L’Australia chiude le frontiere: è già in vigore il nuovo divieto di viaggio che riguarda tutti coloro che non sono residenti e non sono cittadini australiani o loro familiari stretti

Il divieto è attivo dalle 21:00 di venerdì 20 marzo 2020.

Rivolgendosi ai giornalisti di Canberra, il premier Morrison ha affermato che l’arrivo in Australia da parte dei turisti era già stato drasticamente ridotto nelle ultime settimane.

I cittadini australiani saranno ancora in grado di tornare nel paese in seguito, ma saranno soggetti a 14 giorni di isolamento all’arrivo. Il Guardian ha riferito che anche i familiari stretti di residenti e cittadini saranno ammessi nel paese.

Il premier Morrison ha affermato che la logica del divieto di viaggio si basa sul fatto che l’80% dei casi Covid-19 del Paese siano il risultato di persone che hanno contratto il virus all’estero o di qualcuno che è entrato in contatto con un individuo con precedenti di viaggio all’estero.

Ad oggi l’Australia ha riportato più di 1000 casi di Covid-19 con 6 morti.

Il tesoriere australiano Josh Frydenberg ha parlato con l’emittente radiofonica nazionale ABC, affermando che la chiusura del confine potrebbe durare fino a sei mesi.

Tutti i viaggiatori presenti in Australia erano stati precedentemente tenuti a collaborare con un periodo di isolamento volontario di 14 giorni al loro arrivo, purtroppo quasi mai rispettato visto che anche il giorno in cui il Premier decretava la chiusura delle frontiere, le spiagge più famose di Sydney erano strapiene di bagnanti.

Così, il governo del Nuovo Galles del Sud ha deciso di chiudere inizialmente Bondi Beach dopo che il numero di persone sulla spiaggia più conosciuta del Paese ha superato il limite di raccolta all’aperto in Australia imposto per rallentare la diffusione del coronavirus.

La chiusura è temporanea e la misura si estenderà ad altre spiagge in caso di violazione delle regole di distanziamento sociale, che hanno vietato assembramenti all’aperto non essenziali per un numero superiore a 500 persone.

Il ministro della polizia del NSW, David Elliott, ha ordinato la chiusura della spiaggia sabato 21 Marzo, il giorno successivo all’emanazione del decreto.
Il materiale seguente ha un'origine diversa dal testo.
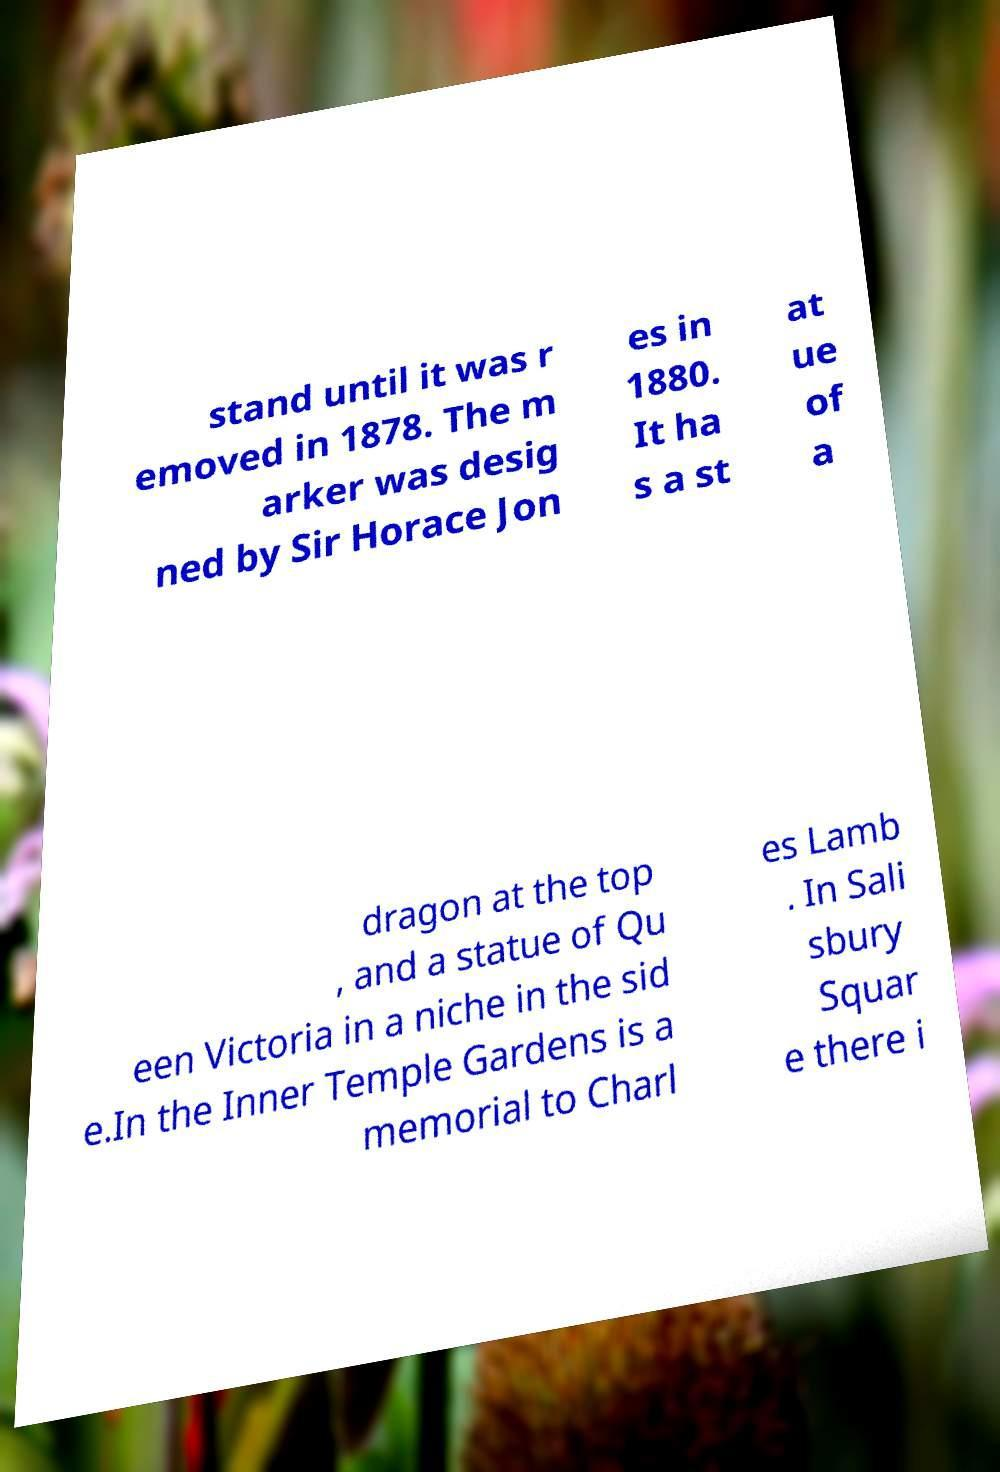Can you read and provide the text displayed in the image?This photo seems to have some interesting text. Can you extract and type it out for me? stand until it was r emoved in 1878. The m arker was desig ned by Sir Horace Jon es in 1880. It ha s a st at ue of a dragon at the top , and a statue of Qu een Victoria in a niche in the sid e.In the Inner Temple Gardens is a memorial to Charl es Lamb . In Sali sbury Squar e there i

Questa decisione è arrivata dopo che molte persone hanno approfittato del clima caldo di Sydney dei giorni scorsi, dirigendosi sul lungomare.

Le immagini delle grandi folle che riempivano Bondi Beach sono diventate virali online e hanno suscitato critiche diffuse e provocato l’ira del ministro federale della sanità Greg Hunt e di altri funzionari.

Nel mentre anche la Nuova Zelanda si “blinda” per difendersi dal coronavirus. Vietato da oggi l’ingresso nei Paesi a tutti coloro che non sono cittadini o residenti.

“La nostra priorità è quella di proteggere i cittadini dal Covid-19 – ha detto la premier neozelandese Jacinda Ardern – Nei giorni scorsi è diventato sempre più chiaro che la diffusione del virus in altre parti del mondo provochi misure più stringenti ai confini”.

Le misure prese arrivano nello stesso giorno in cui anche il Giappone chiude le frontiere a 38 Paesi, fra cui l’Italia, con effetto di “immediato respingimento alla frontiera”.